Discover the East Coast’s climbing mecca

The most extensive climbing area east of the Mississippi, the New River Gorge has top rope, sport, trad, and bouldering living side by side in perfect harmony.

Smack dab next to Fayetteville, WV, a thriving small-town community of friendly locals, restaurants, campgrounds and rest-day activities aplenty, the New River Gorge is something unique in America: a gigantic playground for the perfect climbing weekend getaway.

For beginners:

Never climbed before? No problem. The New River Gorge is a hostpot for some of the coast’s top climbing guides, who can help you give it a try. They’ll even get you fitted into all the gear you’ll need.

For climbers:

The New has literally thousands of climbs and boulder problems on bullet-hard Nutall sandstone, and at most crags (there are dozens), they all live side by side in perfect harmony.

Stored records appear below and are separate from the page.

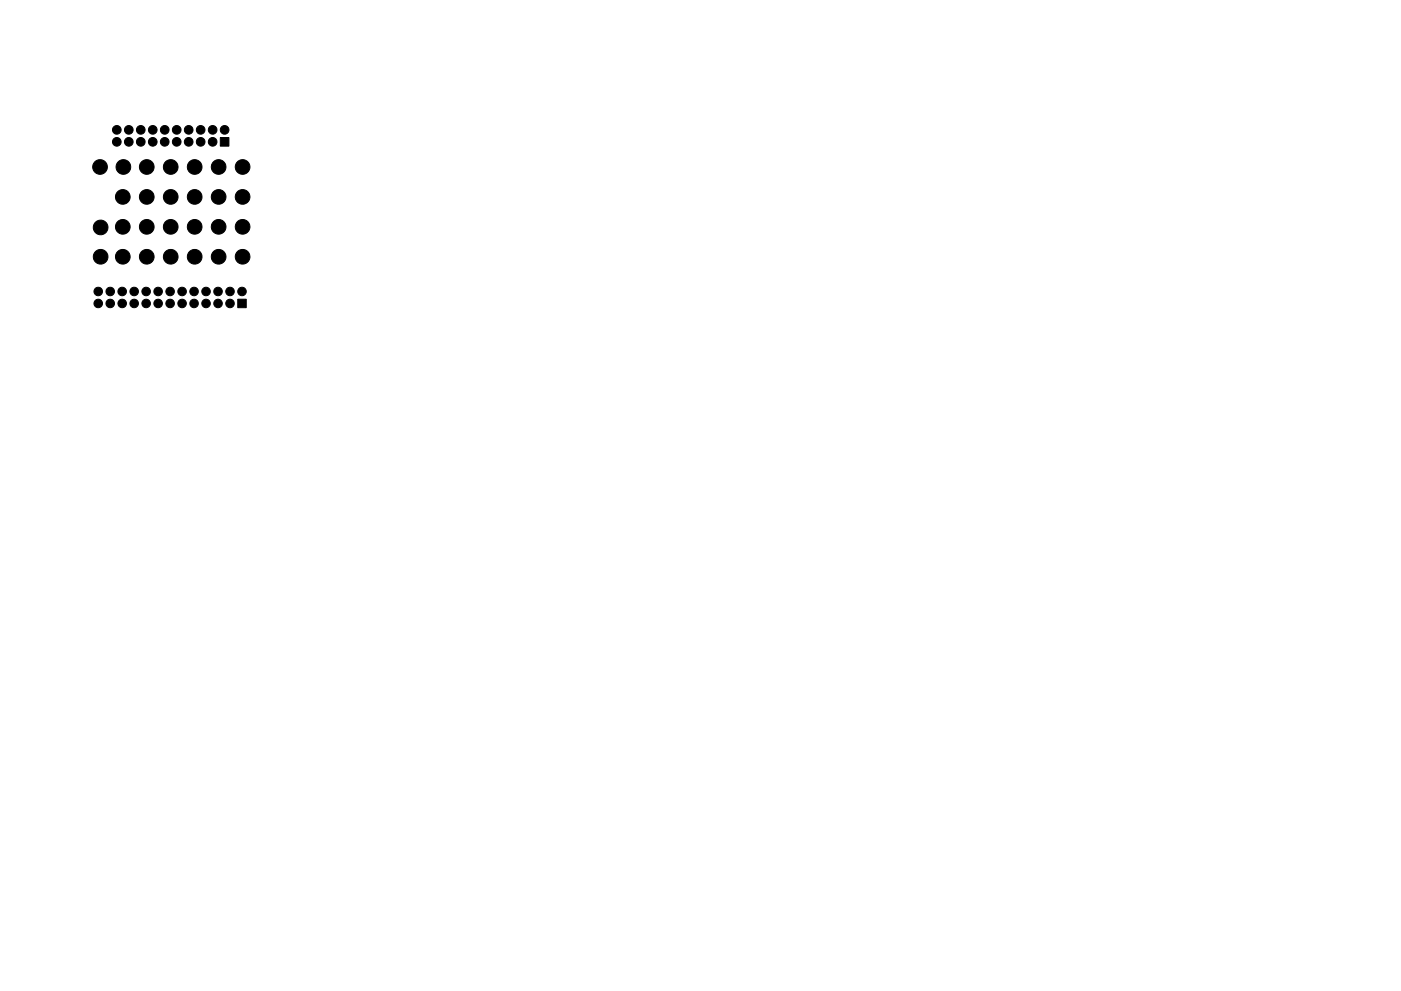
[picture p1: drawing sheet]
<svg xmlns="http://www.w3.org/2000/svg" width="297mm" height="210mm" viewBox="0 0 297 210" stroke-linecap="round" stroke-linejoin="round" font-family="sans-serif">
<g fill="#000" stroke="#000" stroke-width=".21">
<path d="M46.7 29.2h1.8v1.8h-1.8zM50.4 63.5h1.8v1.8h-1.8z"/>
<circle cx="21.2" cy="35.4" r="1.56"/>
<circle cx="24.8" cy="27.6" r=".92"/>
<circle cx="24.8" cy="30.1" r=".92"/>
<circle cx="26.2" cy="35.4" r="1.56"/>
<circle cx="27.3" cy="30.1" r=".92"/>
<circle cx="27.3" cy="27.6" r=".92"/>
<circle cx="29.8" cy="27.6" r=".92"/>
<circle cx="29.8" cy="30.1" r=".92"/>
<circle cx="31.1" cy="35.4" r="1.56"/>
<circle cx="32.4" cy="27.6" r=".92"/>
<circle cx="32.4" cy="30.1" r=".92"/>
<circle cx="34.9" cy="27.6" r=".92"/>
<circle cx="34.9" cy="30.1" r=".92"/>
<circle cx="36.2" cy="35.4" r="1.56"/>
<circle cx="37.5" cy="27.6" r=".92"/>
<circle cx="37.5" cy="30.1" r=".92"/>
<circle cx="40" cy="30.1" r=".92"/>
<circle cx="40" cy="27.6" r=".92"/>
<circle cx="41.3" cy="35.4" r="1.56"/>
<circle cx="42.5" cy="27.6" r=".92"/>
<circle cx="42.5" cy="30.1" r=".92"/>
<circle cx="45.1" cy="30.1" r=".92"/>
<circle cx="45.1" cy="27.6" r=".92"/>
<circle cx="46.4" cy="35.4" r="1.56"/>
<circle cx="47.6" cy="27.6" r=".92"/>
<circle cx="51.4" cy="35.4" r="1.56"/>
<circle cx="21.3" cy="54.5" r="1.56"/>
<circle cx="21.3" cy="48.3" r="1.56"/>
<circle cx="26" cy="41.8" r="1.56"/>
<circle cx="26" cy="54.5" r="1.56"/>
<circle cx="26" cy="48.1" r="1.56"/>
<circle cx="31.1" cy="41.8" r="1.56"/>
<circle cx="31.1" cy="48.1" r="1.56"/>
<circle cx="31.1" cy="54.5" r="1.56"/>
<circle cx="36.2" cy="41.8" r="1.56"/>
<circle cx="36.2" cy="48.1" r="1.56"/>
<circle cx="36.2" cy="54.5" r="1.56"/>
<circle cx="41.3" cy="41.8" r="1.56"/>
<circle cx="41.3" cy="48.1" r="1.56"/>
<circle cx="41.3" cy="54.5" r="1.56"/>
<circle cx="46.4" cy="41.8" r="1.56"/>
<circle cx="46.4" cy="54.5" r="1.56"/>
<circle cx="46.4" cy="48.1" r="1.56"/>
<circle cx="51.4" cy="41.8" r="1.56"/>
<circle cx="51.4" cy="48.1" r="1.56"/>
<circle cx="51.4" cy="54.5" r="1.56"/>
<circle cx="20.8" cy="61.8" r=".9"/>
<circle cx="20.8" cy="64.4" r=".9"/>
<circle cx="23.4" cy="64.4" r=".9"/>
<circle cx="23.4" cy="61.8" r=".9"/>
<circle cx="25.9" cy="64.4" r=".9"/>
<circle cx="25.9" cy="61.8" r=".9"/>
<circle cx="28.4" cy="64.4" r=".9"/>
<circle cx="28.4" cy="61.8" r=".9"/>
<circle cx="31" cy="61.8" r=".9"/>
<circle cx="31" cy="64.4" r=".9"/>
<circle cx="33.5" cy="64.4" r=".9"/>
<circle cx="33.5" cy="61.8" r=".9"/>
<circle cx="36.1" cy="64.4" r=".9"/>
<circle cx="36.1" cy="61.8" r=".9"/>
<circle cx="38.6" cy="64.4" r=".9"/>
<circle cx="38.6" cy="61.8" r=".9"/>
<circle cx="41.1" cy="64.4" r=".9"/>
<circle cx="41.1" cy="61.8" r=".9"/>
<circle cx="43.7" cy="64.4" r=".9"/>
<circle cx="43.7" cy="61.8" r=".9"/>
<circle cx="46.2" cy="64.4" r=".9"/>
<circle cx="46.2" cy="61.8" r=".9"/>
<circle cx="48.8" cy="61.8" r=".9"/>
<circle cx="48.8" cy="64.4" r=".9"/>
<circle cx="51.3" cy="61.8" r=".9"/>
</g>
</svg>

If you like your climbing served up easy, the New’s technical aspect takes some getting used to. But if you’re looking for brainy, chess-gamey masterpieces of all grades and styles packed into a relatively teensy geographical area, then you really need to see the New to believe it.

The New has a well-deserved reputation for tricky, technical rock climbing that has foiled many a gym-climbing genius. There’s a wealth of top ropes and sport climbs for beginners, but precious few routes for fledgling trad leaders. Climbs tend to consist of long moves between bomber horizontal cracks, and can easily school the unschooled climber.

Nevertheless, easy-access, short-approach crags are plentiful, with top-rope-friendly Bridge Buttress and Junkyard Wall topping the list.

But the crown jewel of the New is surely Endless Wall, a 3-mile-long unbroken section of cliff ranging from 60 feet high to past 100 that is entirely covered with star-adorned classics at every grade from 5.8 through 5.14.

A few unique climbing spots of the gorge:

 

Meadow River Gorge

The Meadow is the most remote region in the overall New River Gorge area. The Meadow does, however, have several different access points.

The Meadow’s many crags are filled to overflowing with rock that mostly grades above 5.10. The bulk of the Meadow’s routes, both trad and sport, are in the 5.11-5.12 range. If you don’t mind a bit of an adventure to your day, welcome to Almost Heaven.

If you’re looking for routes below 5.10, there are fewer, but they are here—and they are outstanding. Head to Rehab Crag or The Other Place, both on the South Side. At the Upper Meadow, sport climbers should bee line for a 5.9 called Bullucks (and expect it to be spicy). At the Lower, traddies should not miss a 5.8 called Gimpy.

Summersville Lake

In its seasonal namesake, Summersville Lake boasts an impressive array of top-notch sport climbs at a wide range of grades. Whether you’re a 5.8 beginner or a 5.14 hardcore climber, there are routes aplenty for you.

And here’s the thing: they’re almost all outstanding in terms of quality of movement and hardness of stone. The bolt placement is sane, if not overprotected, and its climbs are mostly packed into a tight little zone, which means members of climbing parties with diverse skill levels can all lay down pitches at nearly a gym-climbing rate.

Virtually every route at Summersville Lake proper sits mere meters from the edge of one of the cleanest and clearest bodies of freshwater east of the Mississippi, which makes for excellent cool-down swim sessions between sweaty redpoint burns.